The goal is to decide what to decide what goes inside the black box (e.g. neural network, other algorithms) but what we really want is **finding the optimal set of weights**.

There are two phases:
- Training (includes feedforward and backpropagation)
- Evaluation

During training our goal is to find the optimal set of weights that would best map the inputs to the desired outputs. In evaluation, we test our network with inputs that it has never seen before.

### Feedforward

![Feedforward from inputs to hidden layers](part-4_images/feedforward1.png)

1. Calculating the value of the hidden states.

Our first step is finding $hat_{h}$ (the hidden layers) and this is done by multiplying all inputs with their corresponding weights, followed by a summation. 

![Finding h hat](part-4_images/inputs_weights.png)

After we find $h'$ we need an activation function to finalize the computation of the hidden layer's values which is generally noted as $\hat{h} = \Phi(hat{x}W^1)$ or $\hat{h} = \Phi(h')$

![Calculating h](part-4_images/calc_hidden_layers.png)

Resource on activation functions: [here](https://github.com/Kulbear/deep-learning-nano-foundation/wiki/ReLU-and-Softmax-Activation-Functions) and [here](https://theclevermachine.wordpress.com/tag/tanh-function/).

2. Calculating the values of the Outputs

What happens next is the hidden layers get multiplied with another set of weights. Essentially, each new layer in an neural network is calculated by a vector by matrix multiplication, where the vector represents the inputs to the new layer and the matrix is the one connecting these new inputs to the next layer.

Below an example of how the calculations would be done if we had 3 hidden layers.

![Generalized output calculation](part-4_images/generalized_calc_outputs.png)

In some applications it can be beneficial to use a softmax function (if we want all output values to be between zero and 1, and their sum to be 1).

Now, what comes next is determining the loss or how far is the generated output from the real label. This is done with the help of a loss function which is essential for backpropagation to work. 

The two error functions that are most commonly used are the **Mean Squared Error (MSE)** (usually used in regression problems) and the **cross entropy** (usually used in classification problems).

Summary:

On a simple example: 
- A single input x
- Two hidden layers with M and N neurons
- A singe output

To calculate the number of multiplications needed for a single feedforward pass, we can break down the network to three steps:

Step 1: From the single input to the first hidden layer

Step 2: From the first hidden layer to the second hidden layer

Step 3: From the second hidden layer to the single output

#### Backpropagation

To better picture how backpropagation works let's picture how would the weights change, since that's what we are interested as the error is getting smaller. What is happening? 

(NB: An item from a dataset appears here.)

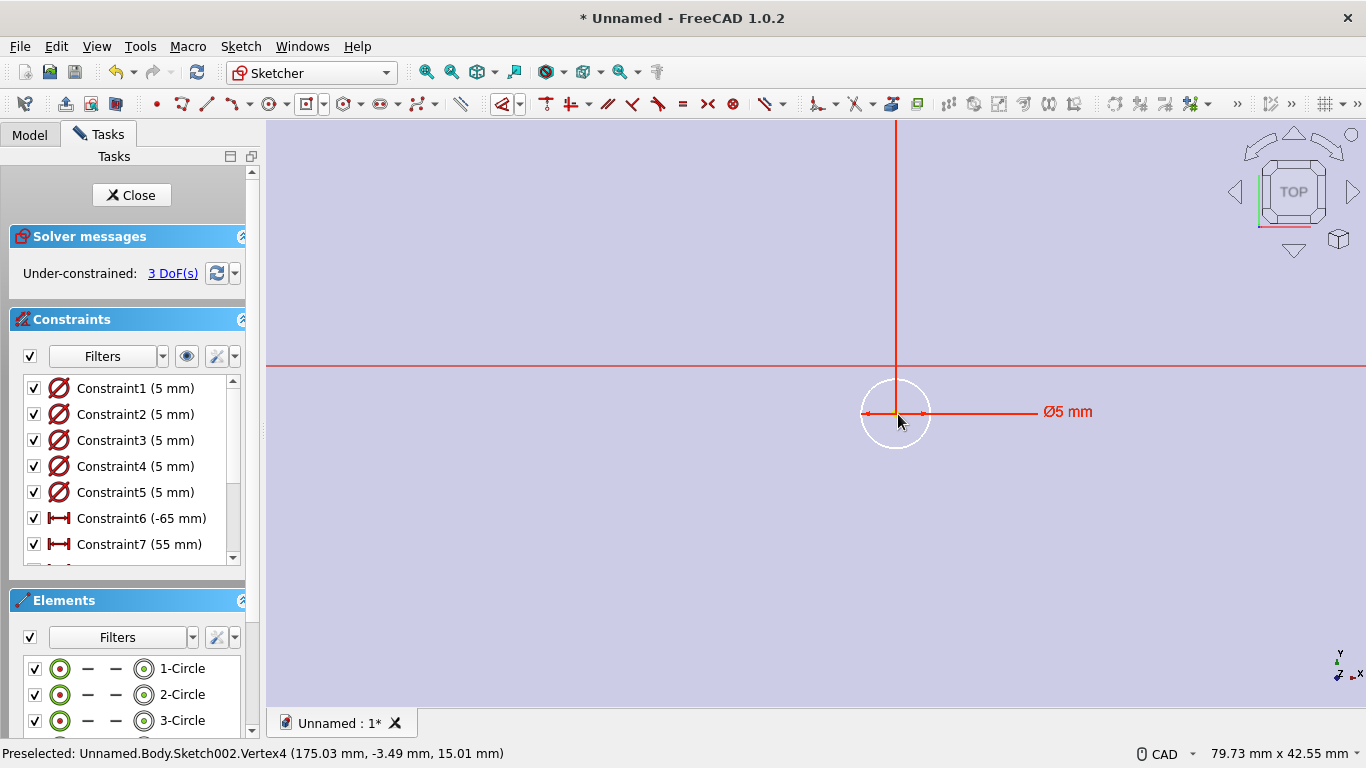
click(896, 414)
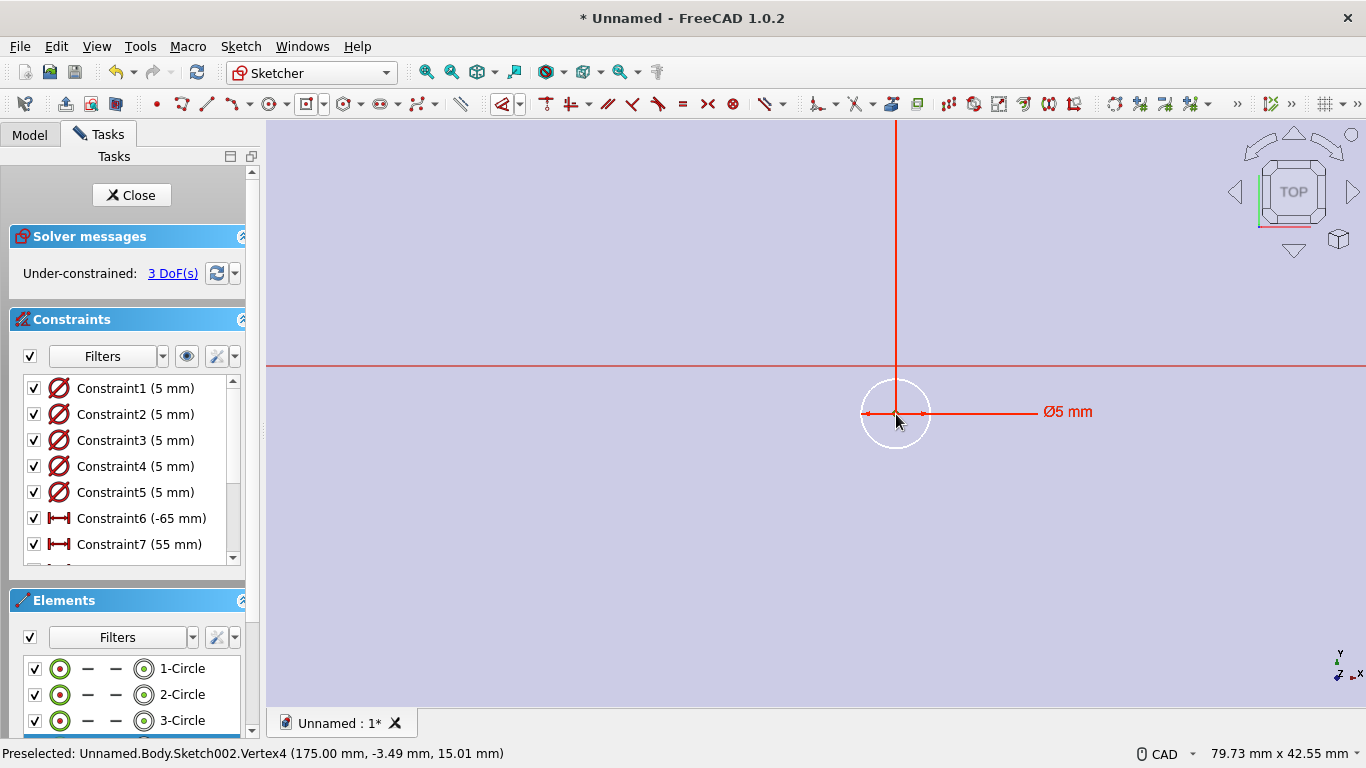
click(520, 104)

![Gradient considerations](part-4_images/gradient_considerations.png)

In the example above, if the weight was on the other side of the valley then our weights would have to become smaller in order to get to the bottom.

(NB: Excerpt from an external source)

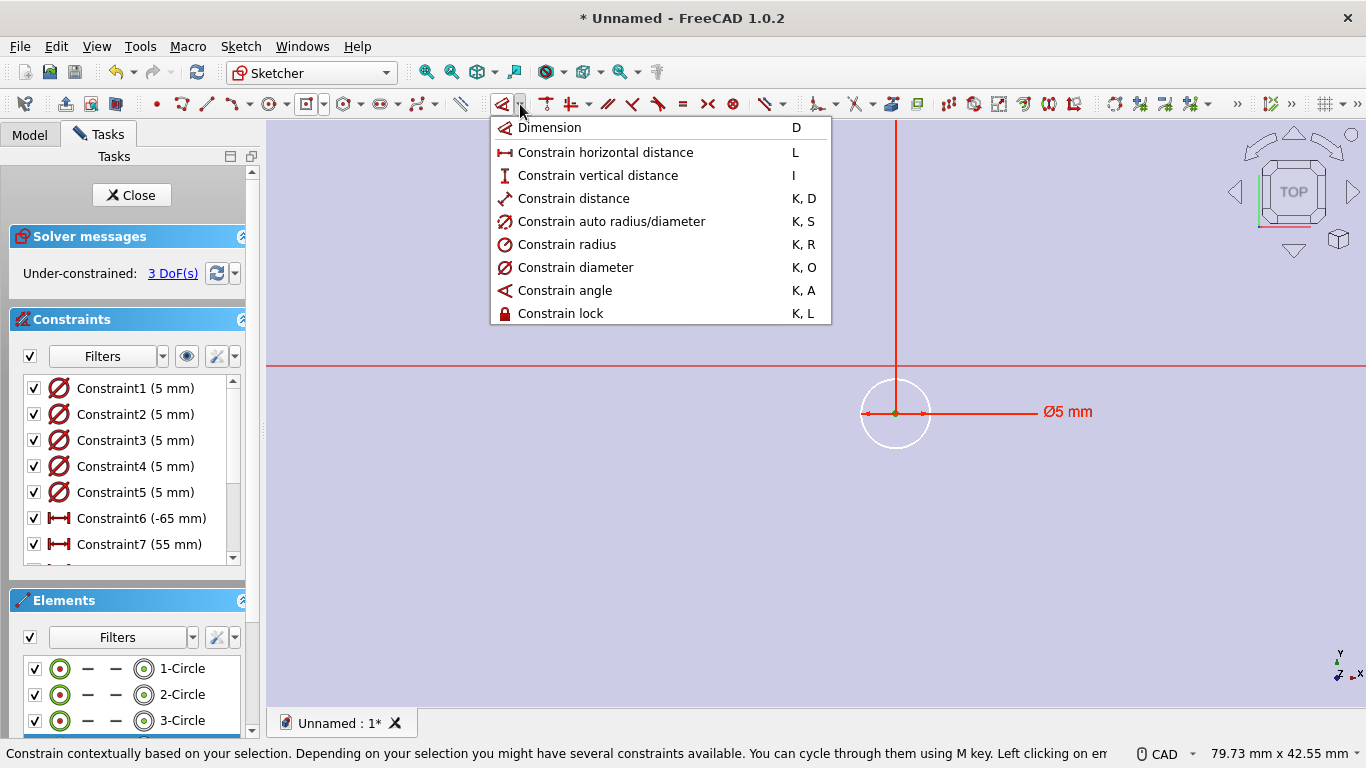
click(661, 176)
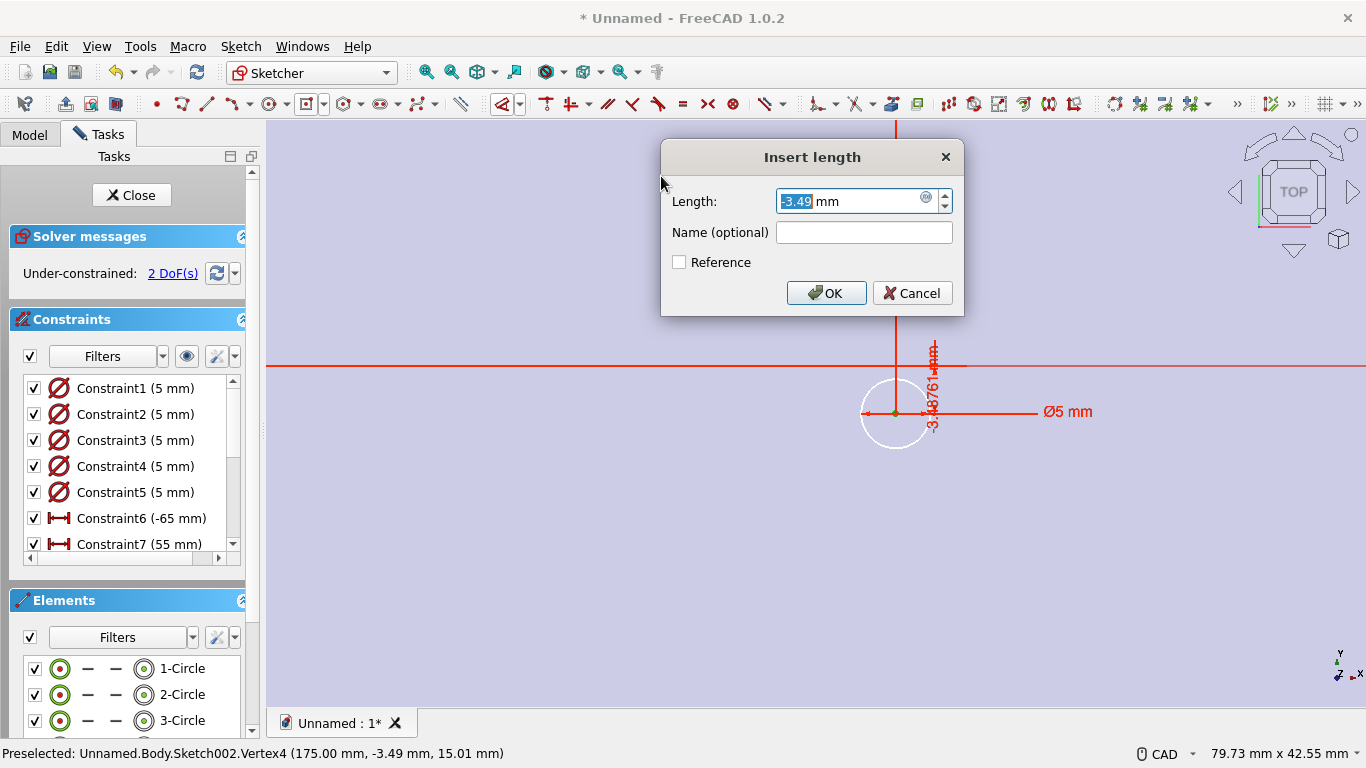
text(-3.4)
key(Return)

![Gradient considerations 2](part-4_images/gradient_considerations2.png)

A closer look at updating the weight.

![Weight update](part-4_images/weight_update.png)

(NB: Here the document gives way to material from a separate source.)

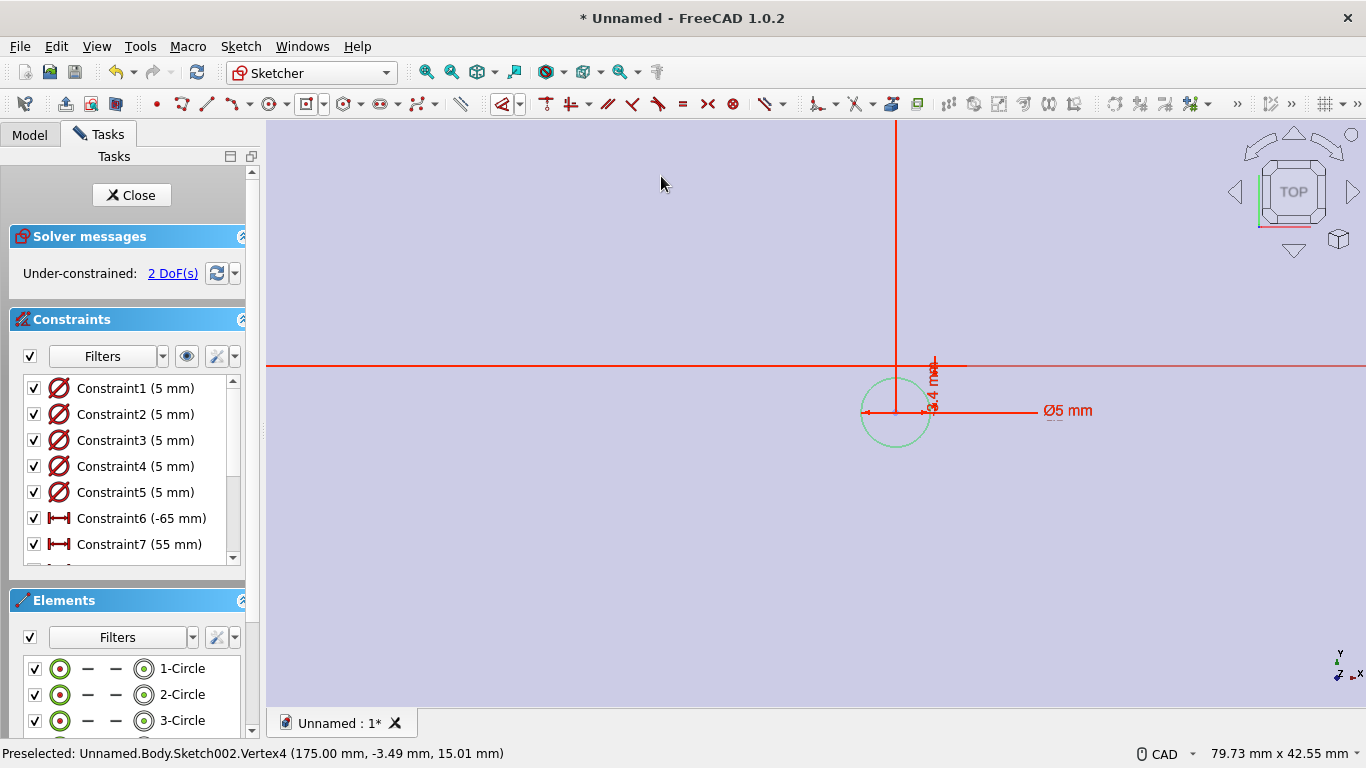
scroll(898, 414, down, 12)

As a summary, backprop involves two steps:
- calculate the partial derivative of the error E w.r.t to each weights
- adjust the weights according to the calculated value of delta Wij

where 
- the superscript (k) indicates that the weight connects layer k to layer k+1. 
- he updated value $\Delta W_{ij}^k $ is calculated through the use of the gradient calculation


![Backpropagation summary](part-4_images/backpropagation_summary.png)


The chain of thought in the weight updating process is as follows:

To update the weights, we need the network error. To find the network error, we need the network output, and to find the network output we need the value of the hidden layer.